Nathalie Stutzmann et Emanuel Ax face à l'Orchestre de Paris © Maxime Guthfreund
Nathalie Stutzmann et Emanuel Ax face à l'Orchestre de Paris
© Maxime Guthfreund

Cette attention à la qualité de son semble plonger Ax dans une bulle de concentration impénétrable. Sans aucune effusion dans ses gestes, le pianiste étatsunien restitue le texte avec l’évidence de la simplicité, laissant l'auditeur suspendu à chaque note. On aurait aimé quelques assouplissements de tempo, notamment dans la cadence du premier mouvement qui aura cependant montré toute l’amplitude que l’artiste tire de son instrument, ou encore quelques gradations de timbre plus chargées, mais la proposition du soliste est d’une cohérence stylistique admirable et éloquente.

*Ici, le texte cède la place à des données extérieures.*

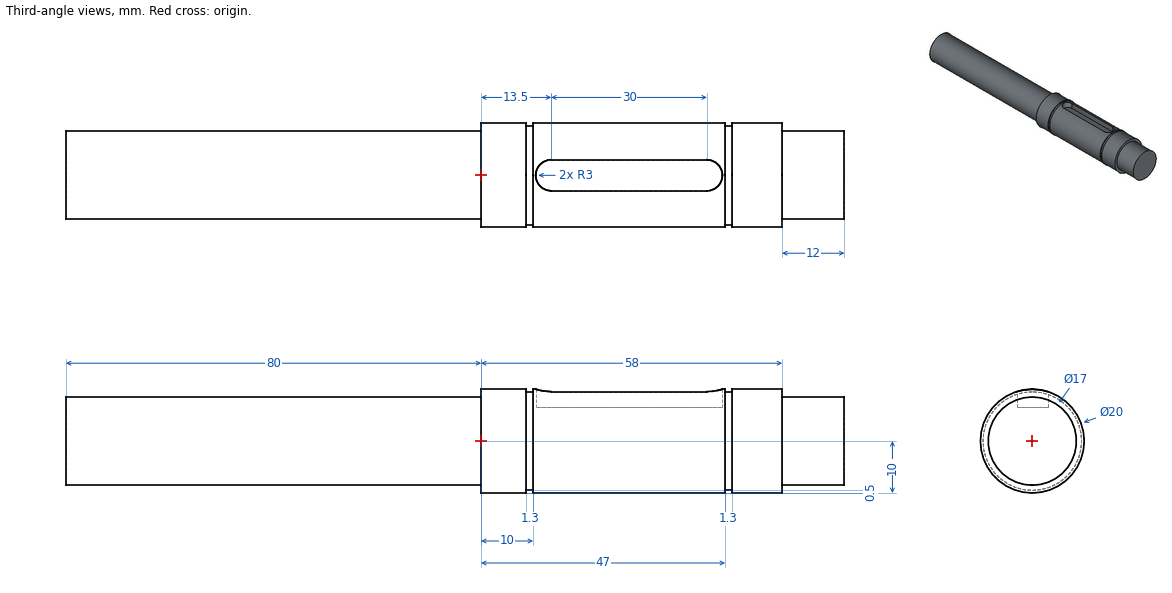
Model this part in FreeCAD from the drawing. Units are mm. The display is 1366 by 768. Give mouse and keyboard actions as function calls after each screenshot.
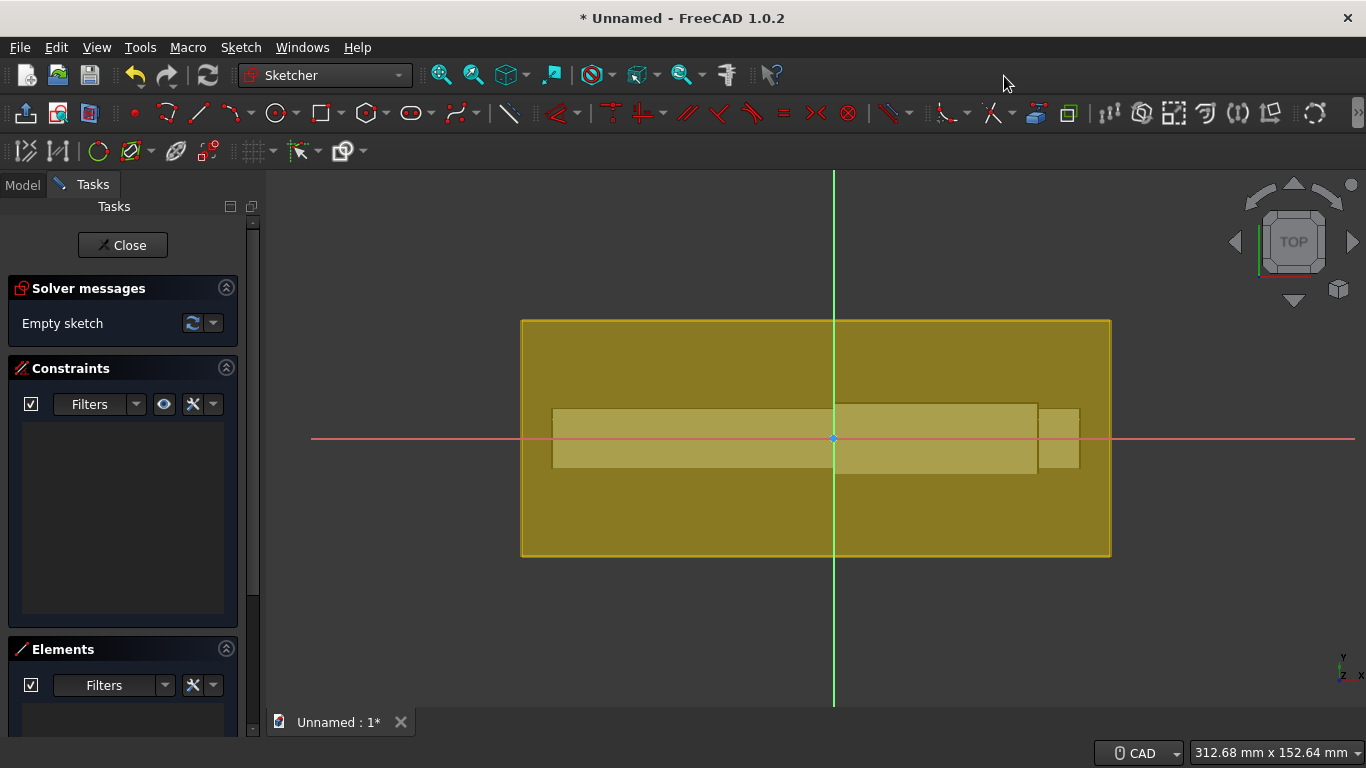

L’Orchestre de Paris recouvre par moment le piano dans le premier mouvement. Son effectif, déjà relativement réduit (12 premiers violons), aurait peut-être gagné à être encore plus allégé pour parfaitement épouser les subtiles nuances d’Ax. Ce contraste de puissance est de circonstance dans le deuxième mouvement, durant lequel se répondent un orchestre autoritaire et un piano implorant. Si quelques décalages aux cordes amoindrissent légèrement la force collective, le mouvement pris dans un tempo véritablement andante con moto est un exemple parfait de phrasé de long terme, tant de la part du pianiste qu’au niveau de l’ensemble et de la réconciliation entre les deux entités. Le troisième mouvement scelle ce raccommodement avec un équilibre piano/orchestre beaucoup plus convaincant qu’au début de l’œuvre.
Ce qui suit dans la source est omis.